The answer is simple. No one knows. I was at a conference last week where several notable investment professionals made some pretty bold predictions on the market. One well-respected analyst said we had reached the bottom. The other predicted than we were in for another six months of trouble. The third believed the next 12 months would witness the greatest period of growth in the stock market’s history. Then it was my turn to speak.

I stood in front of the podium looking every bit as professional as the other speakers (note that I am the furthest thing from an investment expert and had been invited to speak on another topic). In my most sober voice, I advised the audience that I was also prepared to make a bold prediction. I proceed to tell a quick story that my five-year-old son had relayed to me that morning. He told me that he had met a girl in kindergarten and that he loved her and was going to marry her.

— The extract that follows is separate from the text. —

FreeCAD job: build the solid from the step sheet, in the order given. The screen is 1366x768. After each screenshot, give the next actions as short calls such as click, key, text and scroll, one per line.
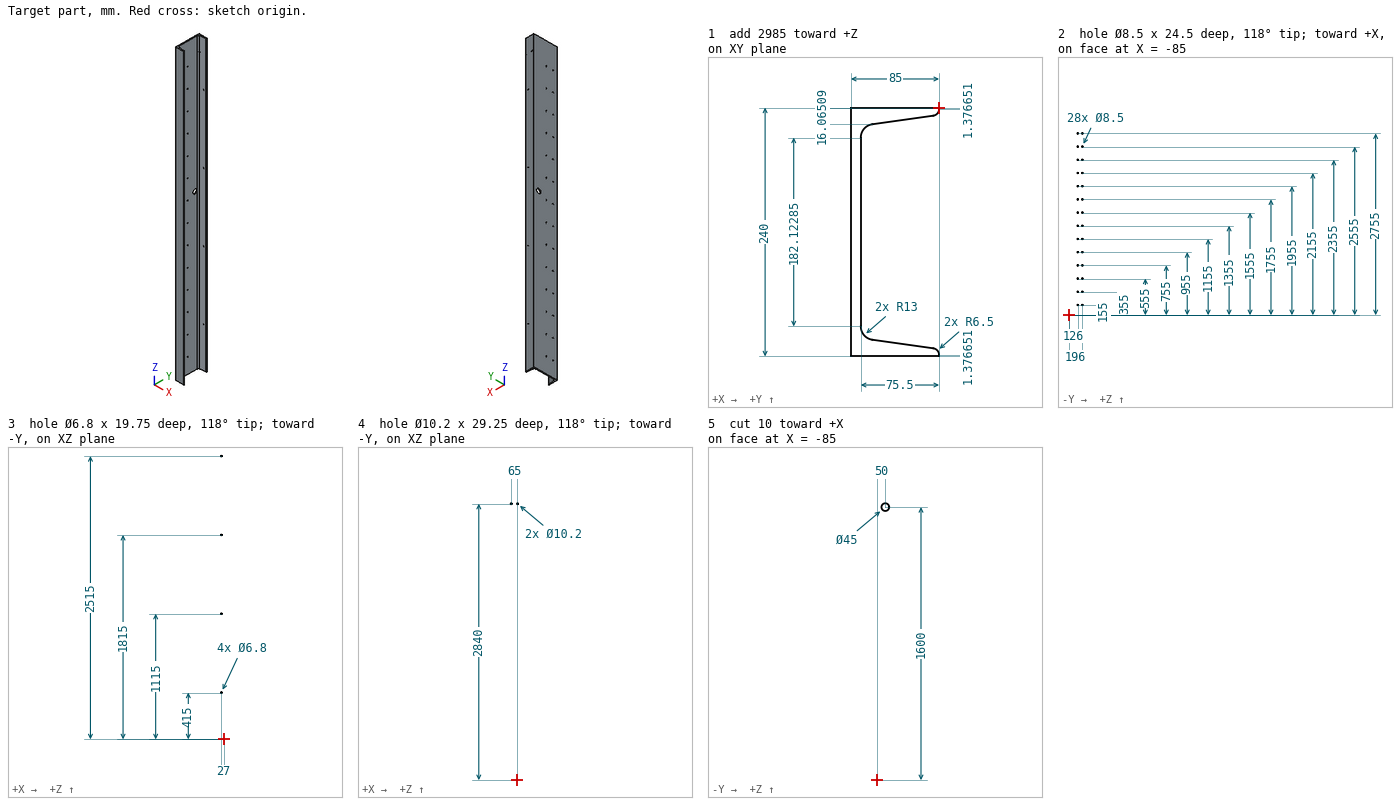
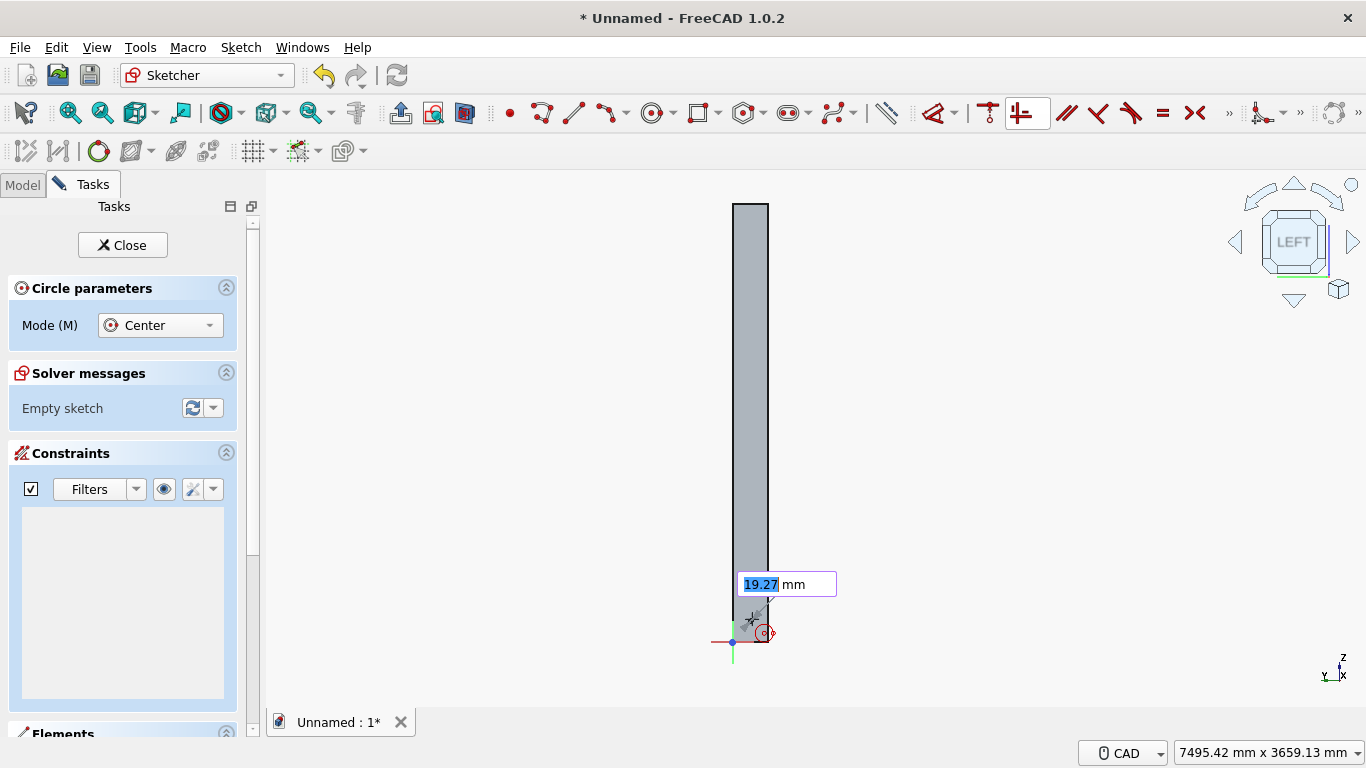
text(8.5)
key(Return)
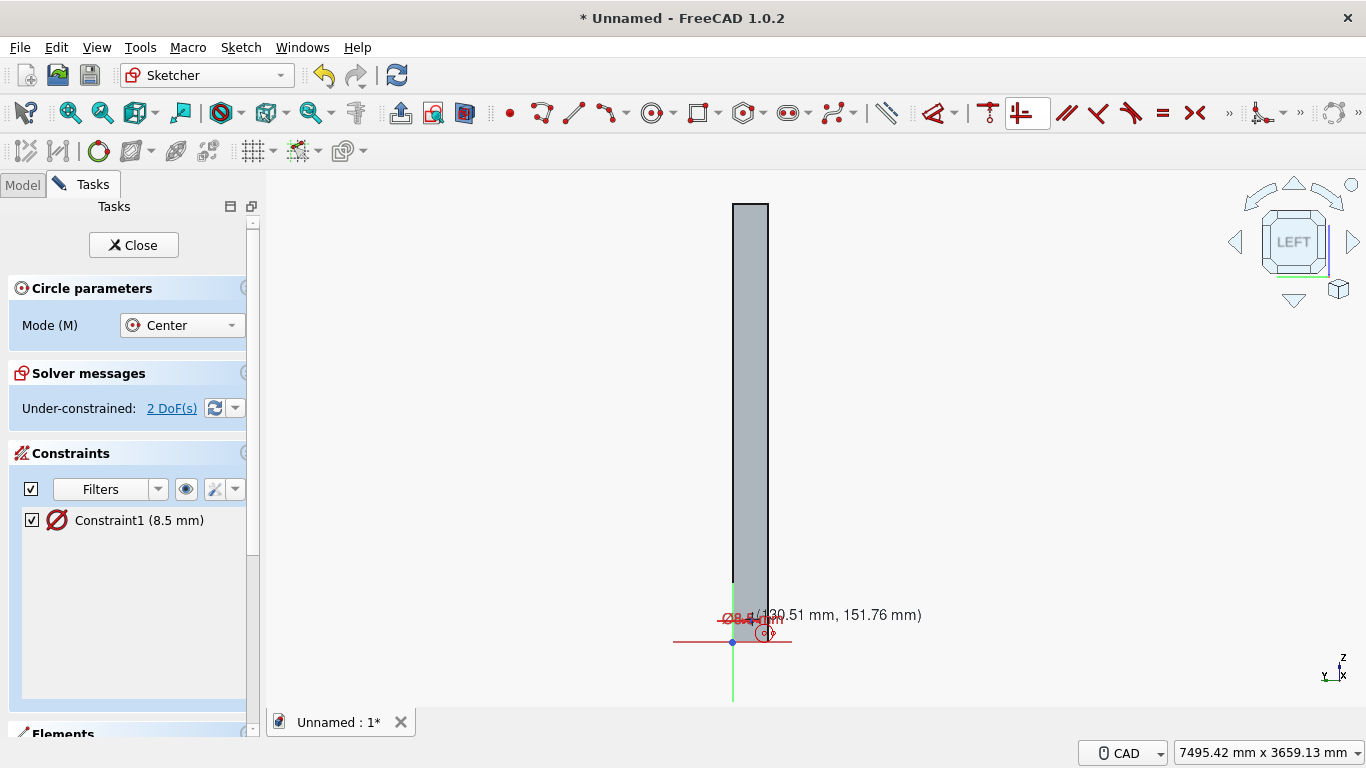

Staying solemn, I continued with my prediction: “I predict that my son will not marry little Sophie. Rather, I predict that he will likely marry another woman (or man) or perhaps not get married at all.” The audience remained hushed, not knowing whether I was joking or serious. Then, after a few seconds of agonizing silence, everyone finally broke out into a collective laughter. After hearing several dire predictions from the “experts”, I think they were ready for an injection of silliness – and a reminder that if we had sat in the room six months earlier, none of the speakers would have come close to predicting what has transpired in the last quarter of 2008. And maybe I’m wrong too. Maybe my son will marry Sophie (please check the December 2033 edition of GPIC for an update).

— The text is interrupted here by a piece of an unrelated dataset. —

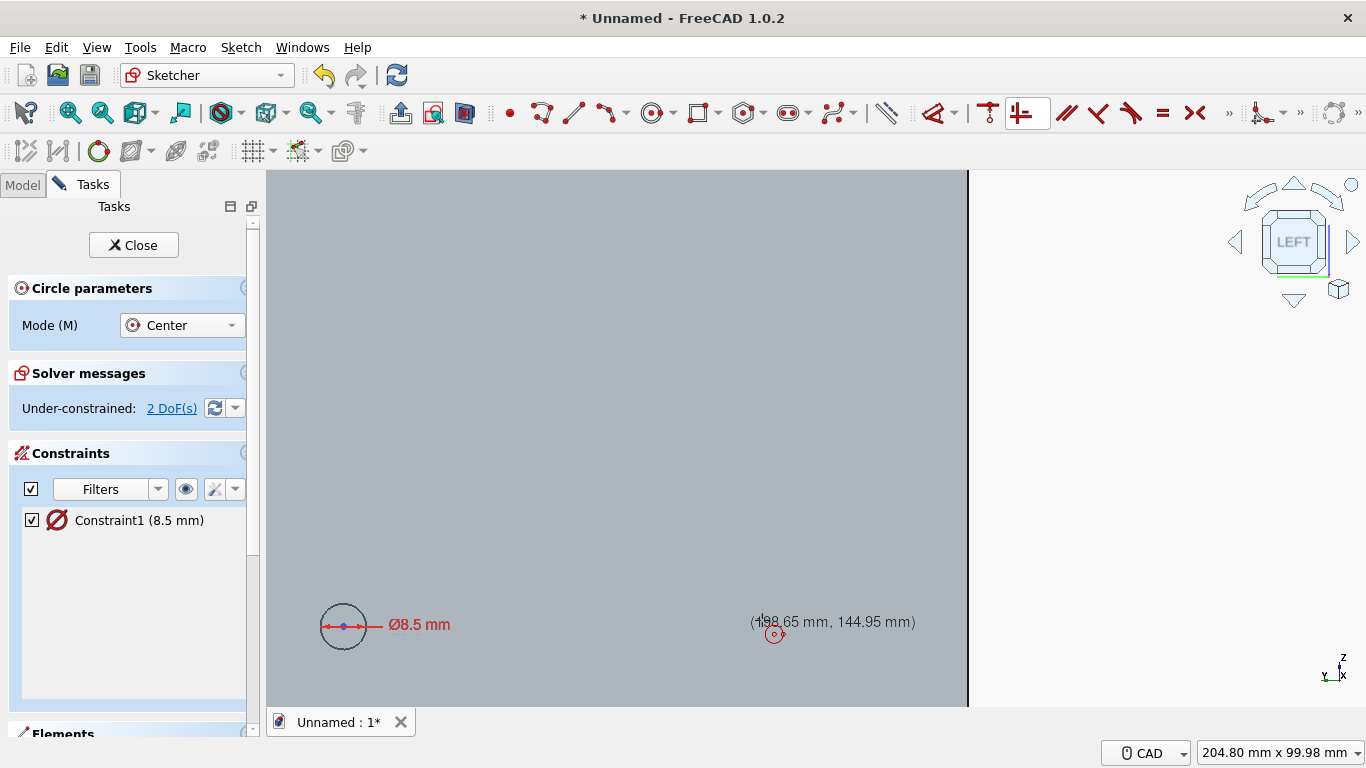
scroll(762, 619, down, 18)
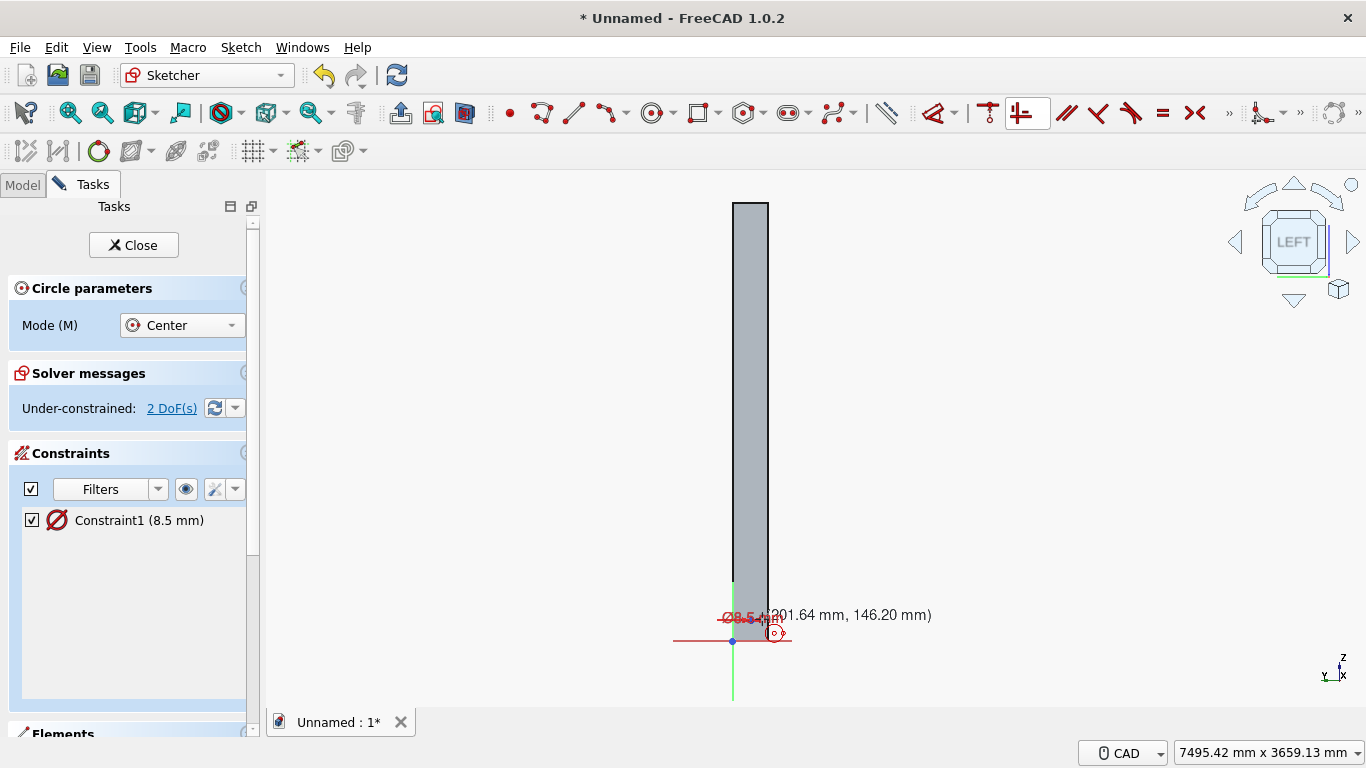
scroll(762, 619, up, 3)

So what’s my point? The markets are unpredictable? Yes, that’s undeniably true. But donors are unpredictable too. While it’s important to acknowledge that the market may have eroded the capital of many of our donors, it is impossible to predict what impact this will have on individual donors.

As gift planners, we are carefully taught to explore the distinct philanthropic objectives of each donor. In fact, the purpose of a “gift plan” is to develop a giving strategy that reflects that donor’s charitable goals and their financial circumstances. In these trying times, I would suggest that the fundamentals of charitable gift planning have never been more important. For example, the 45 year old executive’s stock options may have evaporated in value causing him to rethink or even defer some of his short-term giving strategies. The same retooling, however, would likely not be required of an 80-year donor with a very conservative portfolio and a relatively fixed income.

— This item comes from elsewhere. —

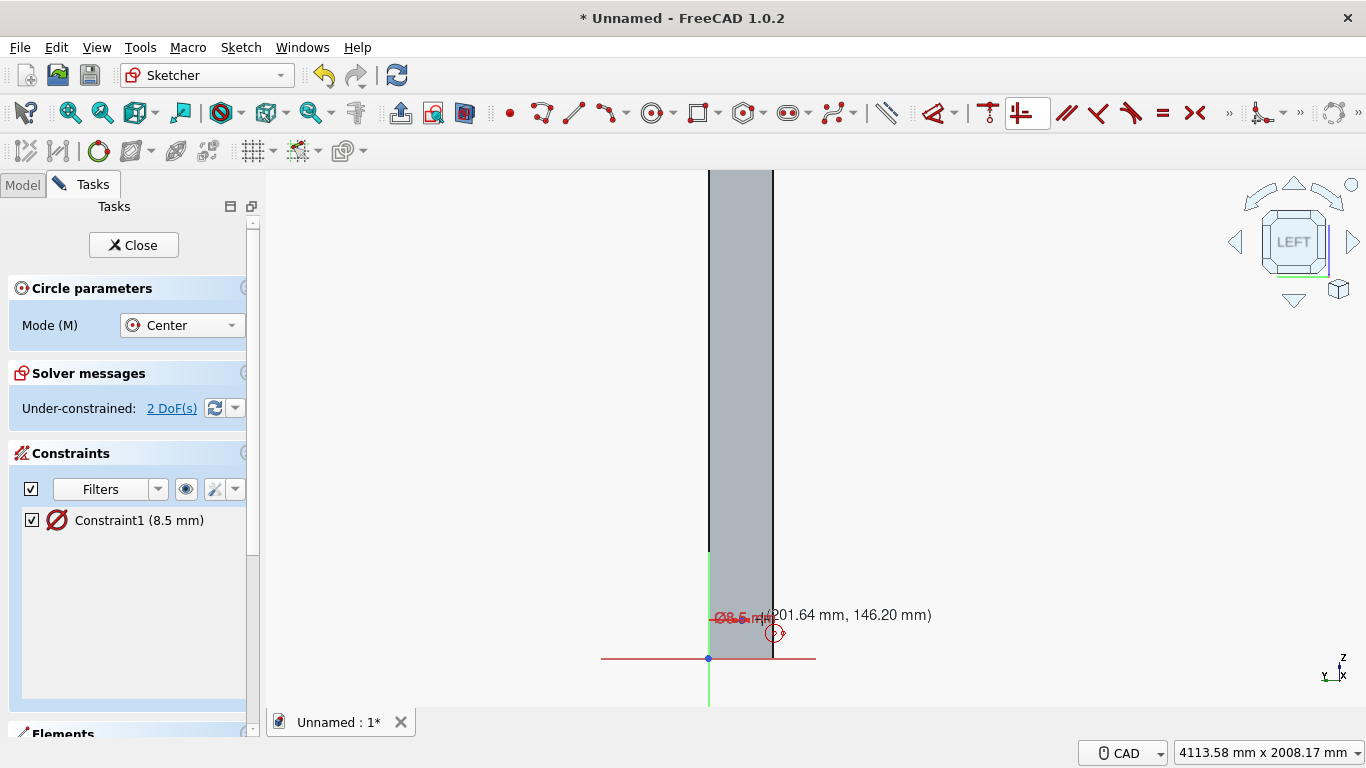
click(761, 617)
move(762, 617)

Let’s make no mistake about it. The current market conditions are unprecedented and could potentially usher in a level of economic chaos and hardship unseen by anyone who has not lived through the Great Depression. Everything, from endowment fund granting to charitable golf tournaments will likely suffer. The psychological aspect could be even more devastating. Confidence in every sector (including fundraising) is at staggeringly low levels. But amidst all of this pessimism, the gift planner must do her job. Sit down. Meet with the donor. Listen to the donor. We’ve never been about the quick win or the capital campaign. We’ve been about achieving donor goals over the long term.

(I should note that I do have one nagging fear. My fear is that fundraising departments, impacted by declining revenue, may turn to gift planning as an immediate target for cost cutting. Since revenue generated by gift planners is largely deferred, a kneejerk reaction might be to focus the organization’s efforts on the quick wins, leaving gift planners in the proverbial dust. I can only hope that fundraising executives and their respective Boards do not proceed with this myopic course of action.)

Historically, there is good reason to believe that we will weather this storm. Swings in charitable donations have traditionally (and thankfully) been far less dramatic than market ups and downs. Donations have increased in good times and bad. While there is strong evidence to suggest that this downturn may be more profound, this cannot and should not discourage the gift planner from continuing with the ultimate goal: building long-term healthy relationships with donors and satisfying their philanthropic dreams.